State how many lines below hold the word "meters". Give that number and no other text.

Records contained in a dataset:
______

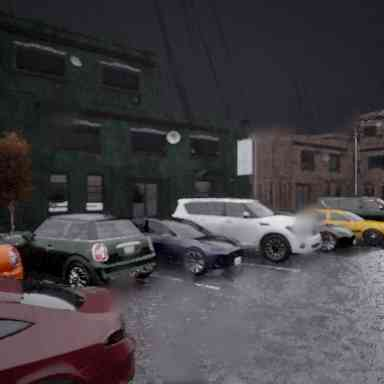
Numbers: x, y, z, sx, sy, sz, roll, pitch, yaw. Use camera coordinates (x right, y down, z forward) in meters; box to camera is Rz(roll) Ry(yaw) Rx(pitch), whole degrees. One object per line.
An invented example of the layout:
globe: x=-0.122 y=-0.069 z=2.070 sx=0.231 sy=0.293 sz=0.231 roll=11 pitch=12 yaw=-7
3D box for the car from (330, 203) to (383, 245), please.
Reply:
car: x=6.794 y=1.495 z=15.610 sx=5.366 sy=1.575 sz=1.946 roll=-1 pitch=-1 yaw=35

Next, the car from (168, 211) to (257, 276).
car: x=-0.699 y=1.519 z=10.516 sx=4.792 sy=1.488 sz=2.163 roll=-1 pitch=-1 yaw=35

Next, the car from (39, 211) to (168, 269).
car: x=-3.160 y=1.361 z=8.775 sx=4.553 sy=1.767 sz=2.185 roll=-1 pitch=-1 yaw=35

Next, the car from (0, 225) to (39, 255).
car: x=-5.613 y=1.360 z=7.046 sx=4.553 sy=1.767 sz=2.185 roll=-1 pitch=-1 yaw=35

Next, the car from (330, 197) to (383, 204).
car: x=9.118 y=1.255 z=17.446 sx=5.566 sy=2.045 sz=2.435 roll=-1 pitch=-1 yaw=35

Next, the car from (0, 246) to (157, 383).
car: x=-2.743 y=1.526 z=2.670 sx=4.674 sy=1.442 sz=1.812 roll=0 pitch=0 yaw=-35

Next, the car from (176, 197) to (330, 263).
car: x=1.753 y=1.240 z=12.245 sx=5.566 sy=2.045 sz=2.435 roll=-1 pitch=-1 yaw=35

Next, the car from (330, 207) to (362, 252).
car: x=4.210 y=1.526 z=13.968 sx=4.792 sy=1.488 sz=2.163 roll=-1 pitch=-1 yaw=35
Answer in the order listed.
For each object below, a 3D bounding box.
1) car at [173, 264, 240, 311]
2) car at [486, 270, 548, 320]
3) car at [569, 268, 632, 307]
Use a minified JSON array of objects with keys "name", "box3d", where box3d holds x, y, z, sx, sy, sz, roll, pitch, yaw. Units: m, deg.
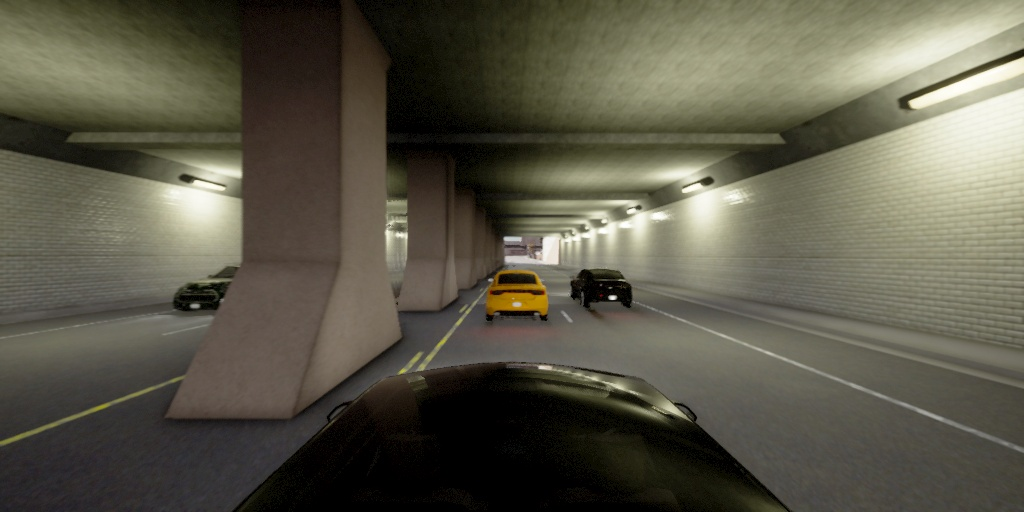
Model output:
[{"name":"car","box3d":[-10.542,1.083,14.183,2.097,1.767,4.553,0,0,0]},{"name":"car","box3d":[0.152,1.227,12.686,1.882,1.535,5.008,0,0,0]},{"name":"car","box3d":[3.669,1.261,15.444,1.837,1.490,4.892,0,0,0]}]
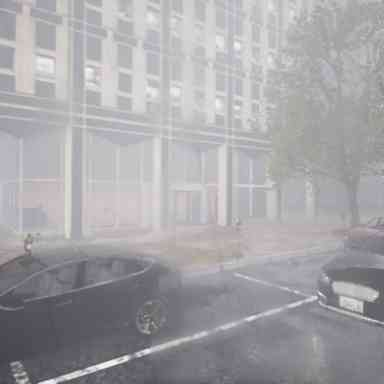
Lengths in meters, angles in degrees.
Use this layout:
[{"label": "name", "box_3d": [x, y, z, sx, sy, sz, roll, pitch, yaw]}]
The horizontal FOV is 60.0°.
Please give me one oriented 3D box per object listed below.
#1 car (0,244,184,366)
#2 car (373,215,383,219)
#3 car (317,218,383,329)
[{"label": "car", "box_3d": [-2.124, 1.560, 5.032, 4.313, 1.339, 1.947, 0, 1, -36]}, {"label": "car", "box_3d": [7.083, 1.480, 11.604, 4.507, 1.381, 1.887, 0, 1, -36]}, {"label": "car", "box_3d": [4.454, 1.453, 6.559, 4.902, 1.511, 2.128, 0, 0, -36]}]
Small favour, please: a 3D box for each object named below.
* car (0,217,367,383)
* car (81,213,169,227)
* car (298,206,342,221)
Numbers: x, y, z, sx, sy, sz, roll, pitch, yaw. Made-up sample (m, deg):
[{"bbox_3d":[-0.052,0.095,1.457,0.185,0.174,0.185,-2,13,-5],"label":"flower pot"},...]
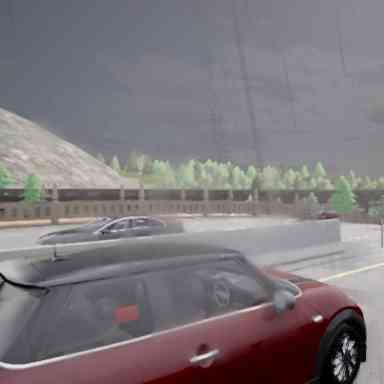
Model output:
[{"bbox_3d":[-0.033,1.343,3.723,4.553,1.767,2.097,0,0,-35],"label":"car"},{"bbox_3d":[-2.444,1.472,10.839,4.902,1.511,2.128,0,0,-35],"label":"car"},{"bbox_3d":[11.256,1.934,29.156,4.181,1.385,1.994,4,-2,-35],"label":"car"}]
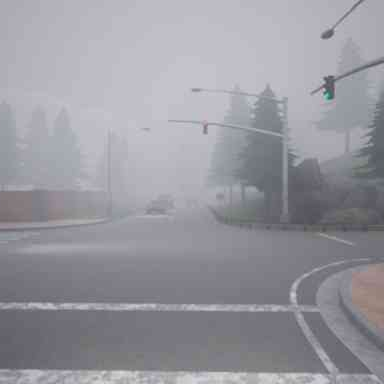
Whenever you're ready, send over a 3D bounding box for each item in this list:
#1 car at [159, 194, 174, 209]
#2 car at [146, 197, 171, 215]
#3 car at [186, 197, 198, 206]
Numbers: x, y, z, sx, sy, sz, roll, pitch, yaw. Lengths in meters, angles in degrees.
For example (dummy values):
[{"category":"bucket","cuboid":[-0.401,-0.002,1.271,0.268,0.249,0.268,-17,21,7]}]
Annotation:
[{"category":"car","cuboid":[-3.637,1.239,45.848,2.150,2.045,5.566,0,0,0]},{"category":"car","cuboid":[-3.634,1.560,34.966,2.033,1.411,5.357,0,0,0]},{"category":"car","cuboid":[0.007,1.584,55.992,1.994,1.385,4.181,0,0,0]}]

______

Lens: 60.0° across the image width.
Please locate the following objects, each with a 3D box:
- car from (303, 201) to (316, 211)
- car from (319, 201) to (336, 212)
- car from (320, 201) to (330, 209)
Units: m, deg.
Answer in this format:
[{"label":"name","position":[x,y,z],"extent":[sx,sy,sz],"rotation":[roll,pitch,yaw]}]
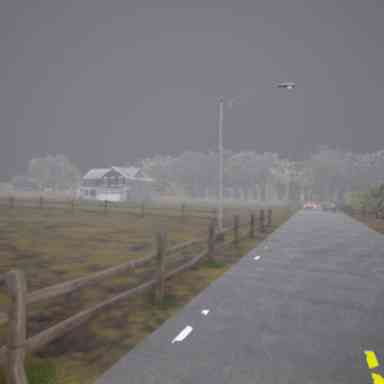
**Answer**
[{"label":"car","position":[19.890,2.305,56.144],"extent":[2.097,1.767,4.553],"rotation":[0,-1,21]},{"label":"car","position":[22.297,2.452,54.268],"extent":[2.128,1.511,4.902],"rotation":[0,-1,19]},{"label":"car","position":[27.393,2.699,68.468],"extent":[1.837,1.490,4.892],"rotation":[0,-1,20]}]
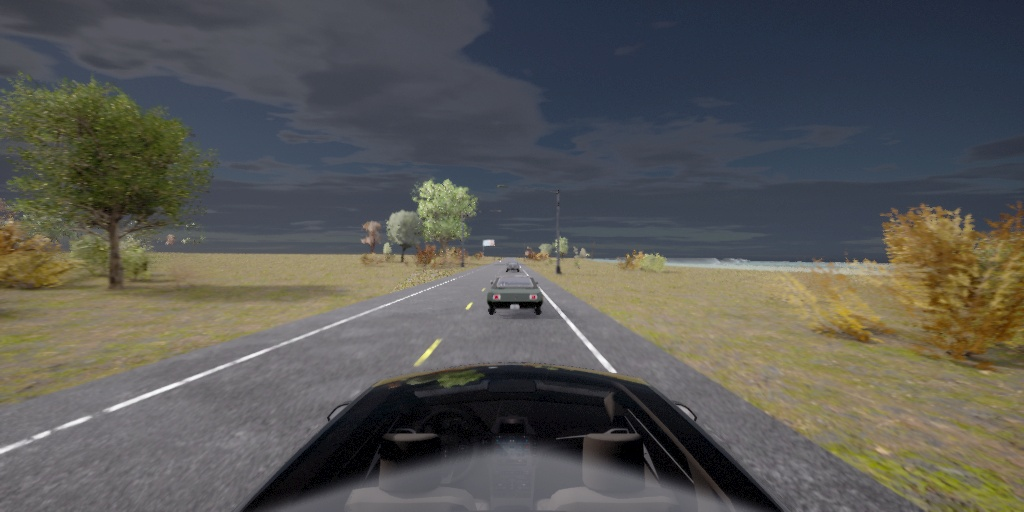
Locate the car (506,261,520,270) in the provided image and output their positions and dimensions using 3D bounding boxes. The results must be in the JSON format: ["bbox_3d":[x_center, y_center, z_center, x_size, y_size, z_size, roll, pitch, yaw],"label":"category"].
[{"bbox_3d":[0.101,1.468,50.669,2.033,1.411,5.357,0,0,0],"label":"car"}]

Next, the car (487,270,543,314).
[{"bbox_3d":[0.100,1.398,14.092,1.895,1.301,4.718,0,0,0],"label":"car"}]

______

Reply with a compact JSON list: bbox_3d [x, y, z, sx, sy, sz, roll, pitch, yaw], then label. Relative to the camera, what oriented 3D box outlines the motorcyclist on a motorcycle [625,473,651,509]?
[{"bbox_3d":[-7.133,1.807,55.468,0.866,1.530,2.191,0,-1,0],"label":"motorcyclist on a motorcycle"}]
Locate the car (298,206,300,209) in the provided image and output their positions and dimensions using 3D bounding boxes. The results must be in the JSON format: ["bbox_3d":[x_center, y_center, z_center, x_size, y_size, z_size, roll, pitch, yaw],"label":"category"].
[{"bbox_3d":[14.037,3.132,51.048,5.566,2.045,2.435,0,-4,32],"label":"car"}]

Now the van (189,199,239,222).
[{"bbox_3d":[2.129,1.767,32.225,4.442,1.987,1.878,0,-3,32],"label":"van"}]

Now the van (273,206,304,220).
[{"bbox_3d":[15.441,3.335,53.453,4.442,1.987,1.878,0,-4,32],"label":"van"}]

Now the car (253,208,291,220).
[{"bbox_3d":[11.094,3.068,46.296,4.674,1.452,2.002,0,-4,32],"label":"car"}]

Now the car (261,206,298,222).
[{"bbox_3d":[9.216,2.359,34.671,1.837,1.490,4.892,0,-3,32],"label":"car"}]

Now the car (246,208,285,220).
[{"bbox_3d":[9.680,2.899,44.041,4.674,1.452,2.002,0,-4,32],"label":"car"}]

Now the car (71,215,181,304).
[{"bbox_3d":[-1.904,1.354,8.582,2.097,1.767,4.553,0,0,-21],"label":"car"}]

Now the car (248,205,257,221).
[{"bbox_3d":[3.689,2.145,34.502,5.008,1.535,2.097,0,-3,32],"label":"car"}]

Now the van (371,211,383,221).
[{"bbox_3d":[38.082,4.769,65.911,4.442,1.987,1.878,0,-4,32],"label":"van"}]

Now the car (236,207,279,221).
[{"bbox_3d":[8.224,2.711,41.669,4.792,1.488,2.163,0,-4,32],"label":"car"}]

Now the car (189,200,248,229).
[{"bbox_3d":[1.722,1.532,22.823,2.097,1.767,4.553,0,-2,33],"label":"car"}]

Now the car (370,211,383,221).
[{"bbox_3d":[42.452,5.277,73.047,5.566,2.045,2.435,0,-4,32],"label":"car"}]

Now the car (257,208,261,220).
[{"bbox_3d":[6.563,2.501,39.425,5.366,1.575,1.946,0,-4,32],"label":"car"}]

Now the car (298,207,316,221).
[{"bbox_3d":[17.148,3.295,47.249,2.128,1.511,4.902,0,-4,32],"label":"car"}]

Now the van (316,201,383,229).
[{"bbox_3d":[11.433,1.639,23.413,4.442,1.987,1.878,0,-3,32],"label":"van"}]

______

Written reply: 3